== Supplied entries ==
****
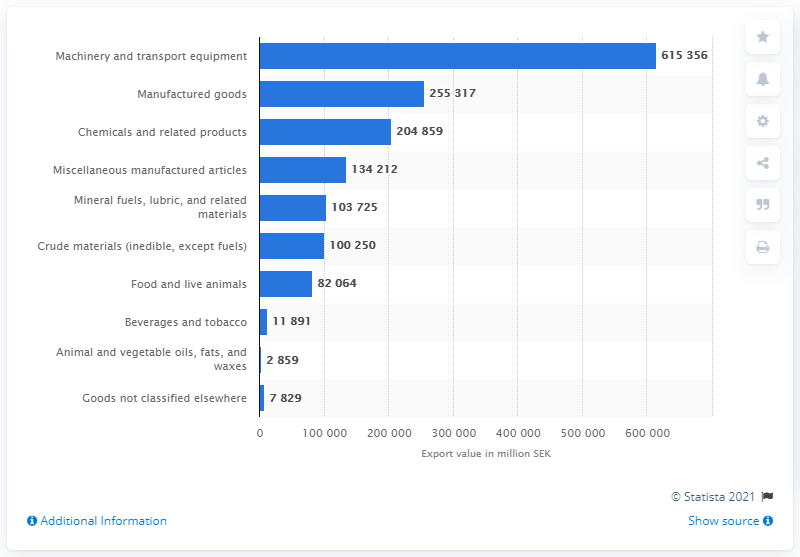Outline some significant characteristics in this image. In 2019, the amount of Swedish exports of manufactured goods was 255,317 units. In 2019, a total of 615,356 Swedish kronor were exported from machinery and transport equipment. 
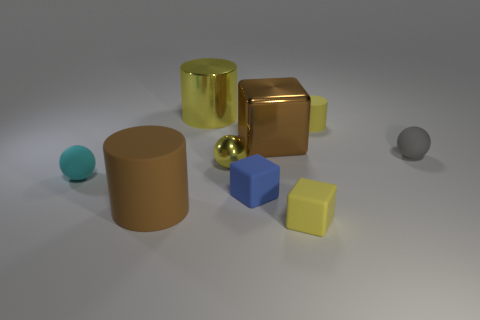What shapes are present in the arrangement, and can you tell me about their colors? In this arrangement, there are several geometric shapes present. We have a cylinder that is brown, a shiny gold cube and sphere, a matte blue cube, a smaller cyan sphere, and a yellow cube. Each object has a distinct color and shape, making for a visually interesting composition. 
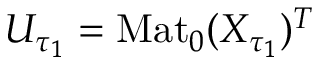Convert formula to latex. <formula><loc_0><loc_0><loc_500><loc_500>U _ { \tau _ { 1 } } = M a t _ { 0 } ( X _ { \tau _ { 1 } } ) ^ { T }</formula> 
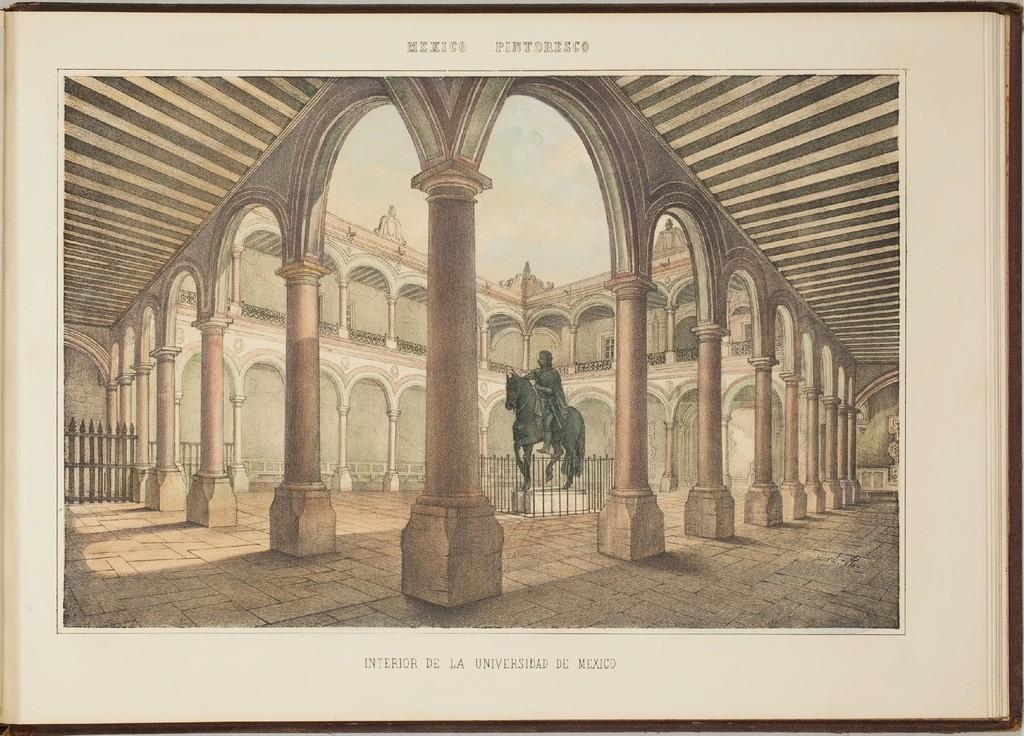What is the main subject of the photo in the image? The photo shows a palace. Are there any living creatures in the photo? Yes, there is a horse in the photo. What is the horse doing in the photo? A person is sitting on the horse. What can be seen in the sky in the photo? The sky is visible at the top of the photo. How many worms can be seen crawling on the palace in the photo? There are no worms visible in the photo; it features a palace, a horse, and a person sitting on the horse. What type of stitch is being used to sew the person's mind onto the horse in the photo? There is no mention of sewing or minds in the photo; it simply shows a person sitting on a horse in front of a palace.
****
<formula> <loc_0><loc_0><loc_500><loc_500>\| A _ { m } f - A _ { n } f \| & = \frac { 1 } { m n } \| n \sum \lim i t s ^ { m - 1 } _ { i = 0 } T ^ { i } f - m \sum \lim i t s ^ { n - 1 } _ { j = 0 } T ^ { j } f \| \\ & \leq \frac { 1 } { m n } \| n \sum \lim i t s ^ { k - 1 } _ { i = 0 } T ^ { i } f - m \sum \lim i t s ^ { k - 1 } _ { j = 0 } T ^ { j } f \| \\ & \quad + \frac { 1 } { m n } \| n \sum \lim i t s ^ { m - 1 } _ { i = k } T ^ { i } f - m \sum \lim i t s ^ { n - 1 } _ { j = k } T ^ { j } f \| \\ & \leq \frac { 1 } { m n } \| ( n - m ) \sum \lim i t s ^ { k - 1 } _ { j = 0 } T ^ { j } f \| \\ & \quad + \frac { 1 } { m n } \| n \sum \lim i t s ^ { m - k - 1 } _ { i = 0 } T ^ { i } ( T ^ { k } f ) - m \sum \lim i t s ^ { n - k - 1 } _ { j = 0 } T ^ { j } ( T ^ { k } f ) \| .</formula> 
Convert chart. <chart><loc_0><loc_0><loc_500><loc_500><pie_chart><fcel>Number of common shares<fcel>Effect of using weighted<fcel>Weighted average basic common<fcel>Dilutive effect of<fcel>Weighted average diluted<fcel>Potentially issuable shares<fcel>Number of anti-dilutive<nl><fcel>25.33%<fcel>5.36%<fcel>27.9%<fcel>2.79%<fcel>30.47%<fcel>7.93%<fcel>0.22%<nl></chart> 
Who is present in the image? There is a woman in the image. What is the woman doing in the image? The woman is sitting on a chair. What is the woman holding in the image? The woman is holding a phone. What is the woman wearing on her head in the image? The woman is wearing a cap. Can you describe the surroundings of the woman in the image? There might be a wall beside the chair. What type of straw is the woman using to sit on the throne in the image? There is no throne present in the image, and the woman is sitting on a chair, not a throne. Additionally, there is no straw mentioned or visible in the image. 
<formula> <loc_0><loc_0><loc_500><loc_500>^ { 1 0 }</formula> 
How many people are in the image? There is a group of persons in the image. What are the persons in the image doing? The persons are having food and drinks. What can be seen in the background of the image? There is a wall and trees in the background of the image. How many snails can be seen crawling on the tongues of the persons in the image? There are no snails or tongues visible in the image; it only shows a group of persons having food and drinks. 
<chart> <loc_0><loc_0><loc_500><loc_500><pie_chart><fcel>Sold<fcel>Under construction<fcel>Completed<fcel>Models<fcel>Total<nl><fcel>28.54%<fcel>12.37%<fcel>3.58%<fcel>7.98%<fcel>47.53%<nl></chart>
****
== Problem statement ==
Above, find the line with "What shapes are"; copy it and every line down to the line with "What is the main", exactly and both included, but no pictures.

== Your response ==
What shapes are present in the arrangement, and can you tell me about their colors? In this arrangement, there are several geometric shapes present. We have a cylinder that is brown, a shiny gold cube and sphere, a matte blue cube, a smaller cyan sphere, and a yellow cube. Each object has a distinct color and shape, making for a visually interesting composition. 
Convert formula to latex. <formula><loc_0><loc_0><loc_500><loc_500>U _ { \tau _ { 1 } } = M a t _ { 0 } ( X _ { \tau _ { 1 } } ) ^ { T }</formula> 
What is the main subject of the photo in the image? The photo shows a palace. Are there any living creatures in the photo? Yes, there is a horse in the photo. What is the horse doing in the photo? A person is sitting on the horse. What can be seen in the sky in the photo? The sky is visible at the top of the photo. How many worms can be seen crawling on the palace in the photo? There are no worms visible in the photo; it features a palace, a horse, and a person sitting on the horse. What type of stitch is being used to sew the person's mind onto the horse in the photo? There is no mention of sewing or minds in the photo; it simply shows a person sitting on a horse in front of a palace.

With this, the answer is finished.